Consumption goes up while supplies go down
Aside from the weather, the annual life cycle of a honey bee colony puts it at risk of spring starvation. In the northern hemisphere, most colonies have plenty of food from the end of summer through December. During that period, the colony continues to shrink, brood rearing slows or stops altogether, and without brood, the colony keeps the nest cooler, at around 68°F (20°C). All of these factors reduce the daily food requirement.
But in the weeks following the winter solstice, the colony slowly reverses itself. Brood rearing begins again, and with brood rearing comes the need to keep the nest warmer, at around 93°F (34°C), give or take. On warmish days, the bees may venture out for cleansing flights, and flying bees use more fuel than clustering bees. On really warm days, they may actually attempt foraging, an activity that expends even more fuel.
Slowly at first, the hive population increases. Within weeks, the population gains momentum, and before you know it, there are many more mouths to feed. The food supply gets used up faster and faster as the supply gets lower and lower. It is easy to breathe a sigh of relief on that first April morning when you see your bees flowing out of the hive and playing in the sunshine. But depending on your local area, some of those colonies may not live to see May Day.

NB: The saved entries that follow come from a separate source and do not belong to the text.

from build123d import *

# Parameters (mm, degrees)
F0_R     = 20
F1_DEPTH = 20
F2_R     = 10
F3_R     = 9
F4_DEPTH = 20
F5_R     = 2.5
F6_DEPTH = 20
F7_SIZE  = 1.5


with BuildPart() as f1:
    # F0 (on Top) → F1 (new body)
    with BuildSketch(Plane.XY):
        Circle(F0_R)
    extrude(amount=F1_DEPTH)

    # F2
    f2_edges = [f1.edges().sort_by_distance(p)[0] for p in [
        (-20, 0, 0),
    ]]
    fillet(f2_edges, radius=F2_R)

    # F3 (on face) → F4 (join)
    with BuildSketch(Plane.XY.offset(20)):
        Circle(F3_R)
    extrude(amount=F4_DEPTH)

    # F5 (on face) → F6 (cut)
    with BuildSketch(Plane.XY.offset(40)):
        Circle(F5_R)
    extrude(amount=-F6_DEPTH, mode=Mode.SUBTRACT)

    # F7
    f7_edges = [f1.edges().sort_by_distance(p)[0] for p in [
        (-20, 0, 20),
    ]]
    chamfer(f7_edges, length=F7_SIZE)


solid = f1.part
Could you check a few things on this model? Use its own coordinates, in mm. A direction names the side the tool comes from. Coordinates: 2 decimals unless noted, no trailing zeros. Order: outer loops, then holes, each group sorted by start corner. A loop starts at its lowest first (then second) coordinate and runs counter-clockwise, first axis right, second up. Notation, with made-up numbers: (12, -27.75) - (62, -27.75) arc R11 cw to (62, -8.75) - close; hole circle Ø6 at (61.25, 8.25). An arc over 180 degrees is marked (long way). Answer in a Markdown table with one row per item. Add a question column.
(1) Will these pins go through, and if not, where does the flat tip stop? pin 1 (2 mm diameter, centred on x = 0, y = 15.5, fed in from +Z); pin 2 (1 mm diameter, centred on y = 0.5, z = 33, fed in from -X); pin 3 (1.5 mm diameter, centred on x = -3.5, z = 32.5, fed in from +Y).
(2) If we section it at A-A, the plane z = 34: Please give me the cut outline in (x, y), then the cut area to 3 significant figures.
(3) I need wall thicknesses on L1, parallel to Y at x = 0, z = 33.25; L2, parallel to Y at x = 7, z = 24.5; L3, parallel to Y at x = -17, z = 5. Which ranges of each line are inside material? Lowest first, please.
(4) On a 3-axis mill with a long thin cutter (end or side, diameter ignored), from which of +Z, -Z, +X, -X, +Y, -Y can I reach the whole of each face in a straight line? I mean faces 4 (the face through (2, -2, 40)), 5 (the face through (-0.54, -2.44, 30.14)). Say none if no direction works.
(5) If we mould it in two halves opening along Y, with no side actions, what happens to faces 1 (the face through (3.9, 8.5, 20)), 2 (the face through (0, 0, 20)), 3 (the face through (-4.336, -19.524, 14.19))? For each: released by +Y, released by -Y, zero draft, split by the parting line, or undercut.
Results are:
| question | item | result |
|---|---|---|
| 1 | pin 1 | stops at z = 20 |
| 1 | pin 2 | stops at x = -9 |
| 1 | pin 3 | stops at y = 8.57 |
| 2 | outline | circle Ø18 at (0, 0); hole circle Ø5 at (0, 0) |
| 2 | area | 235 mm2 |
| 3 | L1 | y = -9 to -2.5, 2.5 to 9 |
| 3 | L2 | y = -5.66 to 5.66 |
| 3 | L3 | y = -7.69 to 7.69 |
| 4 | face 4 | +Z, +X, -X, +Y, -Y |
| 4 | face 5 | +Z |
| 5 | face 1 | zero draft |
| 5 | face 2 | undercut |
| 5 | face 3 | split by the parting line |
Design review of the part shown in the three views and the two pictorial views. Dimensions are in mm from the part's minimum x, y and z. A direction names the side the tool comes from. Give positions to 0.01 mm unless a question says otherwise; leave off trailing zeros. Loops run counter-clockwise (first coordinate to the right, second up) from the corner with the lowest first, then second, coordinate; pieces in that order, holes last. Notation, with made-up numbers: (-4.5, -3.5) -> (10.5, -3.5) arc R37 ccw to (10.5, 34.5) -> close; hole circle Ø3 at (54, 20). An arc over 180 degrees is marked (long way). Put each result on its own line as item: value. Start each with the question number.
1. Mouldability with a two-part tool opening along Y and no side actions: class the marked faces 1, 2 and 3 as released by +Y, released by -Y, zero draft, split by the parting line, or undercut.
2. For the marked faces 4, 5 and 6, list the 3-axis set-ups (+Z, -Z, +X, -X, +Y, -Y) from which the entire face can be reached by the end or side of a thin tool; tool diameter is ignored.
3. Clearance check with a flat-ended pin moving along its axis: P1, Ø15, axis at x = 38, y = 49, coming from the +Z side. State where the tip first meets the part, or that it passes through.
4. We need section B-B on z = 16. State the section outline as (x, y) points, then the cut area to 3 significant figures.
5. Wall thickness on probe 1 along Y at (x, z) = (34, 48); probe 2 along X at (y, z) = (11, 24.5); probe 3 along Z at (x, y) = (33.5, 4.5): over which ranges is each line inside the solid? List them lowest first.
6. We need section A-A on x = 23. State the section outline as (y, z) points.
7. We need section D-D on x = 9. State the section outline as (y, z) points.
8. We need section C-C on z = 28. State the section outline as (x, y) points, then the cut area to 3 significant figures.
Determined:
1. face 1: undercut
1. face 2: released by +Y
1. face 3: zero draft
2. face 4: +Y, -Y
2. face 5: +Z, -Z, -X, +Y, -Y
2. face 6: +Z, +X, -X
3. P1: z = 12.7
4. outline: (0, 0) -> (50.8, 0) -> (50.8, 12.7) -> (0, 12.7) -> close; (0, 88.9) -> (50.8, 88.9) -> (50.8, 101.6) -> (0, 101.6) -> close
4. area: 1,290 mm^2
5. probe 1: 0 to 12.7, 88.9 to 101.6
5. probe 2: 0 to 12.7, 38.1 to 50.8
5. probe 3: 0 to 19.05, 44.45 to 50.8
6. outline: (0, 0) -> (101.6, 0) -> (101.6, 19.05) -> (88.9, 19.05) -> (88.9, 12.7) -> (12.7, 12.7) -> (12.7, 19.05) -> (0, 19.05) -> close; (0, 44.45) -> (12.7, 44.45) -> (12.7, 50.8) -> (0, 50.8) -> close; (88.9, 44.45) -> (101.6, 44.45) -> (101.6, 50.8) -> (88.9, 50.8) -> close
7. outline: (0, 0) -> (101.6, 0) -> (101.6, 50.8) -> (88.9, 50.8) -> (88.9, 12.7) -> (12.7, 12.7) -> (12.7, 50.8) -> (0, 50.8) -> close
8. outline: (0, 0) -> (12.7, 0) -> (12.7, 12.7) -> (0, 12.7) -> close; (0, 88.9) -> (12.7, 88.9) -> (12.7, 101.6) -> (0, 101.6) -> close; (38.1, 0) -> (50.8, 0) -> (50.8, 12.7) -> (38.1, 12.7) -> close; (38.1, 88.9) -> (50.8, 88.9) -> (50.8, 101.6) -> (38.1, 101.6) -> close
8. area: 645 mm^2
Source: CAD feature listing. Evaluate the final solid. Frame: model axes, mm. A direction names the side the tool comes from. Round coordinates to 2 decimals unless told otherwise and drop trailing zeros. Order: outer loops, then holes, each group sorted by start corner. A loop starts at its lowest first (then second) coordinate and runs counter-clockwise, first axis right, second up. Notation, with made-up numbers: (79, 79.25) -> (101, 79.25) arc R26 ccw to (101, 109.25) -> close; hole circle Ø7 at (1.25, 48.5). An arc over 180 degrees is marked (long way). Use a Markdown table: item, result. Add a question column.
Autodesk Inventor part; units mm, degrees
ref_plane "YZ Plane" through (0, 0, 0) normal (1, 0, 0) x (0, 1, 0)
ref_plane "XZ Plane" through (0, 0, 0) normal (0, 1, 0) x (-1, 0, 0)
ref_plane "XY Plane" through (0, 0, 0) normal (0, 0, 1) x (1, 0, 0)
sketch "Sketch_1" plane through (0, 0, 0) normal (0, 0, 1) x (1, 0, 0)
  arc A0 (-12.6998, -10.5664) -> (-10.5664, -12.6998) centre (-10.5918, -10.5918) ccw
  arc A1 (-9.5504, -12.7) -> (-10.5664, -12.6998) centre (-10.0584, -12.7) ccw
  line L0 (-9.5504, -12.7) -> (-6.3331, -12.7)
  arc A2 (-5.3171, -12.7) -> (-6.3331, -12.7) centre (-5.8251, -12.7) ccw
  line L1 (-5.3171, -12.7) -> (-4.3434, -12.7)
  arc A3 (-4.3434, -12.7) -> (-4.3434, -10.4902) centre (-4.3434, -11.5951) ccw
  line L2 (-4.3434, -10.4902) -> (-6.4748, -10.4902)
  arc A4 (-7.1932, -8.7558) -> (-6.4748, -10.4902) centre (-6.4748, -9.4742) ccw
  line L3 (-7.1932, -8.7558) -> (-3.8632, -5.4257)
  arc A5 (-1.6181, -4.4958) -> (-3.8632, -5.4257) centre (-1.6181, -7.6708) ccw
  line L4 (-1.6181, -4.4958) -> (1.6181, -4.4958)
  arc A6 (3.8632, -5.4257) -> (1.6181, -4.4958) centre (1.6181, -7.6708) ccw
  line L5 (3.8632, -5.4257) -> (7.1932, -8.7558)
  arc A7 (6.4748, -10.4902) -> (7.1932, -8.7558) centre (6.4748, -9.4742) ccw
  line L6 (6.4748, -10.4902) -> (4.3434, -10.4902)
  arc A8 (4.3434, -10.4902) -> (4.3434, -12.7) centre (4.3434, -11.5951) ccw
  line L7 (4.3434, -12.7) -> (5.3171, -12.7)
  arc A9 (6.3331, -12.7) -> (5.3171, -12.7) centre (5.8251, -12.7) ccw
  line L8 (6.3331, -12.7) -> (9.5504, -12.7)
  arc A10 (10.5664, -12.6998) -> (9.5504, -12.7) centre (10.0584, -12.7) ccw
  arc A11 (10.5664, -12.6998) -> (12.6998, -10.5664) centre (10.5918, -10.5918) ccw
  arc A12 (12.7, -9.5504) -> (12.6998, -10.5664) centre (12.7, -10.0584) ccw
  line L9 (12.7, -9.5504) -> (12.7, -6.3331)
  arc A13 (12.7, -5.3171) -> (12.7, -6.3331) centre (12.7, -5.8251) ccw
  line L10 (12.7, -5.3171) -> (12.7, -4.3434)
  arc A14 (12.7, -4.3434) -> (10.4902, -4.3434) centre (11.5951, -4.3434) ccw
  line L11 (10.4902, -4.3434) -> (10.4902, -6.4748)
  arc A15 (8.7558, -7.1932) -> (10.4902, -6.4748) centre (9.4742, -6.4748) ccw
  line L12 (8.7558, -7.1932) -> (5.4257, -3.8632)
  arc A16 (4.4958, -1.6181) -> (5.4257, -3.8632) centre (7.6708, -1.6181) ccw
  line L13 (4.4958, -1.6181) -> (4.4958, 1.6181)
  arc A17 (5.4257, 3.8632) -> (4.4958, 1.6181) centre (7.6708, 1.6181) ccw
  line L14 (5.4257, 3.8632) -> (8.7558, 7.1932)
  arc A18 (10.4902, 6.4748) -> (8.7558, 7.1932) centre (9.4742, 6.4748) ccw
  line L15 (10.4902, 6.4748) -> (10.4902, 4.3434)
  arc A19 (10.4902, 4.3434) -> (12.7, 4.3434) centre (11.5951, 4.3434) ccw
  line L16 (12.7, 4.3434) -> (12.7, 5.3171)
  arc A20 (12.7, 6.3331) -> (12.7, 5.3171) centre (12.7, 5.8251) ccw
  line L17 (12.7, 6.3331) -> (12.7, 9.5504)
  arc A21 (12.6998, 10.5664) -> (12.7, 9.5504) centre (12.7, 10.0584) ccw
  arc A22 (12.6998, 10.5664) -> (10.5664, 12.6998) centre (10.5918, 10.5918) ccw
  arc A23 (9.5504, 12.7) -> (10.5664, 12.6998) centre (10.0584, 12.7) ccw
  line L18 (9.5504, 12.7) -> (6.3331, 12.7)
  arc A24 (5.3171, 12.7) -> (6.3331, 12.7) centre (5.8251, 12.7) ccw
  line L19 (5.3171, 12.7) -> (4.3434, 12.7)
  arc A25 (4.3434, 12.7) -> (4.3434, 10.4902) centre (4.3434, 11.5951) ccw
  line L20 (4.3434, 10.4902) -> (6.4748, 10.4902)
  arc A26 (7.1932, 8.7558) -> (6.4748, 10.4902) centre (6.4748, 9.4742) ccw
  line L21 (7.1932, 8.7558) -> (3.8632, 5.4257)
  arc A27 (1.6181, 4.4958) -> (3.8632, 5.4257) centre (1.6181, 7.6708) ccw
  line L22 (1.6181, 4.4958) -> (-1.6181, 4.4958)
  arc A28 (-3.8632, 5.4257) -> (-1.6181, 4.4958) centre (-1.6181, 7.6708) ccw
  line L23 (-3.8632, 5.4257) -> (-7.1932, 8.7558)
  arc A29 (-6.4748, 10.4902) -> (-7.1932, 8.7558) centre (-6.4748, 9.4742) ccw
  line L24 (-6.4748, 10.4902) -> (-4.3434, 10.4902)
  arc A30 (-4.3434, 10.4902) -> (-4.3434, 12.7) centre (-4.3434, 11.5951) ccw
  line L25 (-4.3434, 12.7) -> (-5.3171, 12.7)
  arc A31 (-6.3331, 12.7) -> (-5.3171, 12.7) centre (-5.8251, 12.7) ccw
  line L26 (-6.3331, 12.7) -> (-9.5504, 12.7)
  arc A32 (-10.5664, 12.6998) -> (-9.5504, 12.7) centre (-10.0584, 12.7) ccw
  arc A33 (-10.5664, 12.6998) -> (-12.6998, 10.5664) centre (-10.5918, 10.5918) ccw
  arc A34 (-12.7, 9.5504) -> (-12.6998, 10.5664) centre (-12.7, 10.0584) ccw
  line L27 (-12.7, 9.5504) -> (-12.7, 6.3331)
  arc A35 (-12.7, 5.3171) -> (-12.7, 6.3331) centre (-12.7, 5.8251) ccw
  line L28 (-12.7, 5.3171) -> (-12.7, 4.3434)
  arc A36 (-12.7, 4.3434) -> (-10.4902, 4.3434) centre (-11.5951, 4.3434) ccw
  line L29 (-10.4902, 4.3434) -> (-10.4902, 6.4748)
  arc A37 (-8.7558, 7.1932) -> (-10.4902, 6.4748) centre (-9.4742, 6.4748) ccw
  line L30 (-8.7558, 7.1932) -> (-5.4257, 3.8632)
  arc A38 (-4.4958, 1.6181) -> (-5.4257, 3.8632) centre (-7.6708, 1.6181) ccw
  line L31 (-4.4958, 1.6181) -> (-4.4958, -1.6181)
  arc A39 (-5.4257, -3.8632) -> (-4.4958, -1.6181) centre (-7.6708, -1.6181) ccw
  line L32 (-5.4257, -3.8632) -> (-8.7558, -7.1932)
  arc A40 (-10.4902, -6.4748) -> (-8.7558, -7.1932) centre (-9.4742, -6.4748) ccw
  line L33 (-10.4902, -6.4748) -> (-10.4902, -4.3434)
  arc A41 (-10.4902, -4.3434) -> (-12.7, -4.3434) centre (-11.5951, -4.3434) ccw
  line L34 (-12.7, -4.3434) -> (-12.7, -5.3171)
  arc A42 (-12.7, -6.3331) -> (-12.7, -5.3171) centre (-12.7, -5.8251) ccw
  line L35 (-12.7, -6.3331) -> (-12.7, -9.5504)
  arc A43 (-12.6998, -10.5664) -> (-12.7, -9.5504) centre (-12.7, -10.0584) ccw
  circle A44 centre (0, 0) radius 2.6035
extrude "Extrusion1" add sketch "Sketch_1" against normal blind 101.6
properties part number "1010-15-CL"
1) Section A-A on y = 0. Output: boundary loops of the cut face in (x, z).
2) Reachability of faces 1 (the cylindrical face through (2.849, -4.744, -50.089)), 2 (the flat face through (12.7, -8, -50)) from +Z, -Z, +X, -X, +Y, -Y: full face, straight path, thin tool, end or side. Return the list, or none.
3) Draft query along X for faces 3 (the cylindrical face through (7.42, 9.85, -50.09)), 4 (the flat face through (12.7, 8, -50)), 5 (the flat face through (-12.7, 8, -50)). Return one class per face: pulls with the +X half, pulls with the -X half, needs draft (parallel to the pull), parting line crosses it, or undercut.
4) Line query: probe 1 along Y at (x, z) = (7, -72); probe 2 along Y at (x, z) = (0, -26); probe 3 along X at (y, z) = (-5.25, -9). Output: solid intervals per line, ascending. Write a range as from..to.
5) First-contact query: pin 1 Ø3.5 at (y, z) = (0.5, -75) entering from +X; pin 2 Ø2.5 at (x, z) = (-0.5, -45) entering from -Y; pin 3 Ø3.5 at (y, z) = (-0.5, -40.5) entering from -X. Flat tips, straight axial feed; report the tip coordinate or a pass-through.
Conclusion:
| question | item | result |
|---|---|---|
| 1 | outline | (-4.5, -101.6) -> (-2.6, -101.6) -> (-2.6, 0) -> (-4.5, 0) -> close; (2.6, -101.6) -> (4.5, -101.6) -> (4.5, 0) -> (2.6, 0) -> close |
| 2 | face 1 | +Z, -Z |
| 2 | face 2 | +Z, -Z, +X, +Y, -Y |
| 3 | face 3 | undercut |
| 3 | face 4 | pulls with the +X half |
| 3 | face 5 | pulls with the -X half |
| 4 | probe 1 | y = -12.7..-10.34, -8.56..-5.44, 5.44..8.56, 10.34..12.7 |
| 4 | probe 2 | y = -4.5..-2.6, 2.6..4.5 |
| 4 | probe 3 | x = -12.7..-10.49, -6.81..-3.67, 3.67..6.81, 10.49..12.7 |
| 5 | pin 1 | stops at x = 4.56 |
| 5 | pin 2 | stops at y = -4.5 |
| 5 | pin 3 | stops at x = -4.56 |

This year I took the unusual step of providing candy boards to all my colonies. Normally, I only supply them to colonies that lack sufficient honey stores. But after our unusually long, dry summer and parched autumn, I decided it was safer to feed everyone. With the candy boards in place, I relaxed. Bad move.
The population problem
It turns out that last Monday was a wake-up call for me. The weather was a balmy 55°F (13°C) with no rain, so I inspected every hive. What I found floored me.
My colonies are out of control. If I didn’t know it was January, I would have guessed it was May. My doubles have bees covering all twenty frames. My triples have bees covering 25 frames. Bees oozed from every seam, even along the sides. A few of the candy boards have golf ball-sized lumps of sugar remaining.
At first blush, you may think this is a good thing, but my immediate thought was, “How the heck can I keep these bees alive till spring?” In truth, I don’t know if I can. We still have two or maybe three months to get through and I’ve got about three times more bees than I had in October. Although I’ve seen this happen in the past, it was always an isolated hive or two, never an entire apiary.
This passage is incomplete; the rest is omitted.